— WHAT NEEDS TO BE DONE —
Nothing in the records should be changed in the copy, though the pictures must be left out.

DATA SHOWN Start Marker

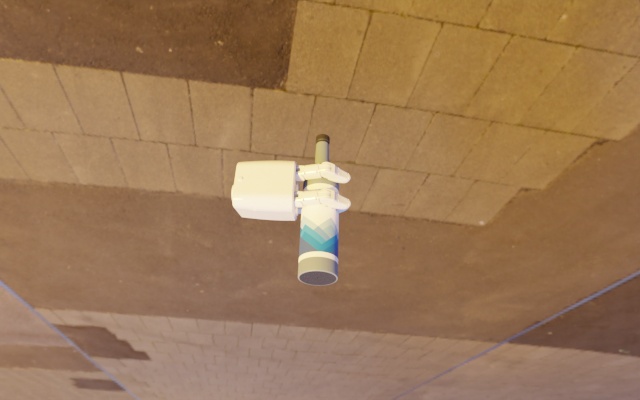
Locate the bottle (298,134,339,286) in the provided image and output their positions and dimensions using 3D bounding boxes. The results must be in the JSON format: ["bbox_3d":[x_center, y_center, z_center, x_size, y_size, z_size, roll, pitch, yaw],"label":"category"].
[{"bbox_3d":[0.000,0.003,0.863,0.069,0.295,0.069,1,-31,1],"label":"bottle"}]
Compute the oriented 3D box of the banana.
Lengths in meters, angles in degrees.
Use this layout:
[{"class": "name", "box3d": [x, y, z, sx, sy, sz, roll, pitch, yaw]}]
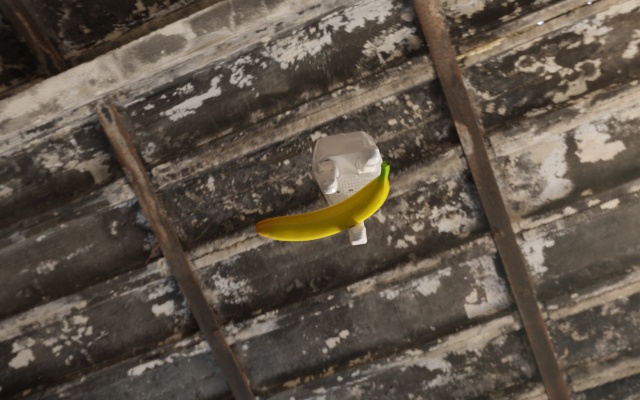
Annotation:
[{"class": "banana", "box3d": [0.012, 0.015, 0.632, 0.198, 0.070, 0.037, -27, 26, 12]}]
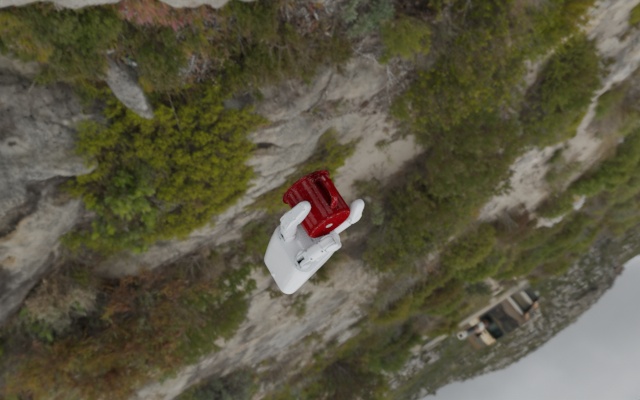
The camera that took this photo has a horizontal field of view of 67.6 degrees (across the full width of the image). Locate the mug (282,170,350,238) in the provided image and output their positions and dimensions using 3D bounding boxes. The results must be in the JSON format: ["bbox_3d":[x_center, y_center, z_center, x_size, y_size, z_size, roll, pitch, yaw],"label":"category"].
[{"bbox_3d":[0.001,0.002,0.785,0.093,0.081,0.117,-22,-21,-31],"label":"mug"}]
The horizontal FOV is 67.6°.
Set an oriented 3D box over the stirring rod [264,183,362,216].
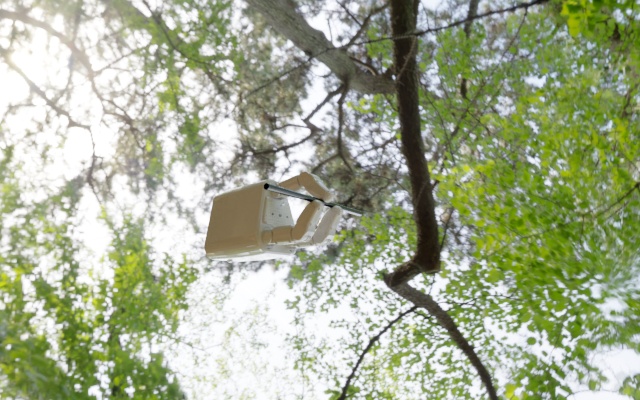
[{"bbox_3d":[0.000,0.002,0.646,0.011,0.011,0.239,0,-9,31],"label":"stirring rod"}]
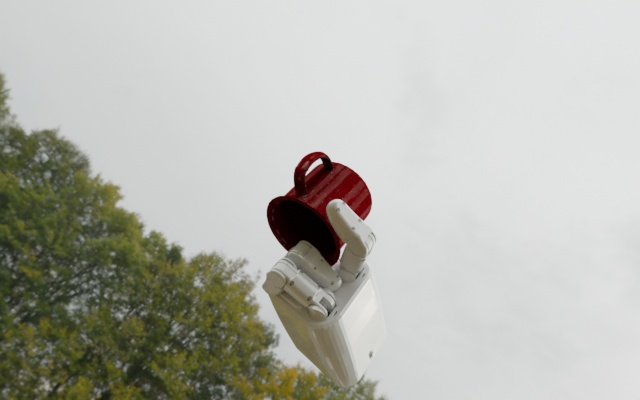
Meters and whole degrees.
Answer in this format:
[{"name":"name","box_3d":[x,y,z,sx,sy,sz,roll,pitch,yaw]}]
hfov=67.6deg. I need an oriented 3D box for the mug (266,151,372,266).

DATA SHOWN End Marker

— OUTPUT FOR THIS TASK —
Locate the bottle (298,134,339,286) in the provided image and output their positions and dimensions using 3D bounding boxes. The results must be in the JSON format: ["bbox_3d":[x_center, y_center, z_center, x_size, y_size, z_size, roll, pitch, yaw],"label":"category"].
[{"bbox_3d":[0.000,0.003,0.863,0.069,0.295,0.069,1,-31,1],"label":"bottle"}]
Compute the oriented 3D box of the banana.
Lengths in meters, angles in degrees.
Use this layout:
[{"class": "name", "box3d": [x, y, z, sx, sy, sz, roll, pitch, yaw]}]
Annotation:
[{"class": "banana", "box3d": [0.012, 0.015, 0.632, 0.198, 0.070, 0.037, -27, 26, 12]}]
The camera that took this photo has a horizontal field of view of 67.6 degrees (across the full width of the image). Locate the mug (282,170,350,238) in the provided image and output their positions and dimensions using 3D bounding boxes. The results must be in the JSON format: ["bbox_3d":[x_center, y_center, z_center, x_size, y_size, z_size, roll, pitch, yaw],"label":"category"].
[{"bbox_3d":[0.001,0.002,0.785,0.093,0.081,0.117,-22,-21,-31],"label":"mug"}]
The horizontal FOV is 67.6°.
Set an oriented 3D box over the stirring rod [264,183,362,216].
[{"bbox_3d":[0.000,0.002,0.646,0.011,0.011,0.239,0,-9,31],"label":"stirring rod"}]
Meters and whole degrees.
Answer in this format:
[{"name":"name","box_3d":[x,y,z,sx,sy,sz,roll,pitch,yaw]}]
hfov=67.6deg. I need an oriented 3D box for the mug (266,151,372,266).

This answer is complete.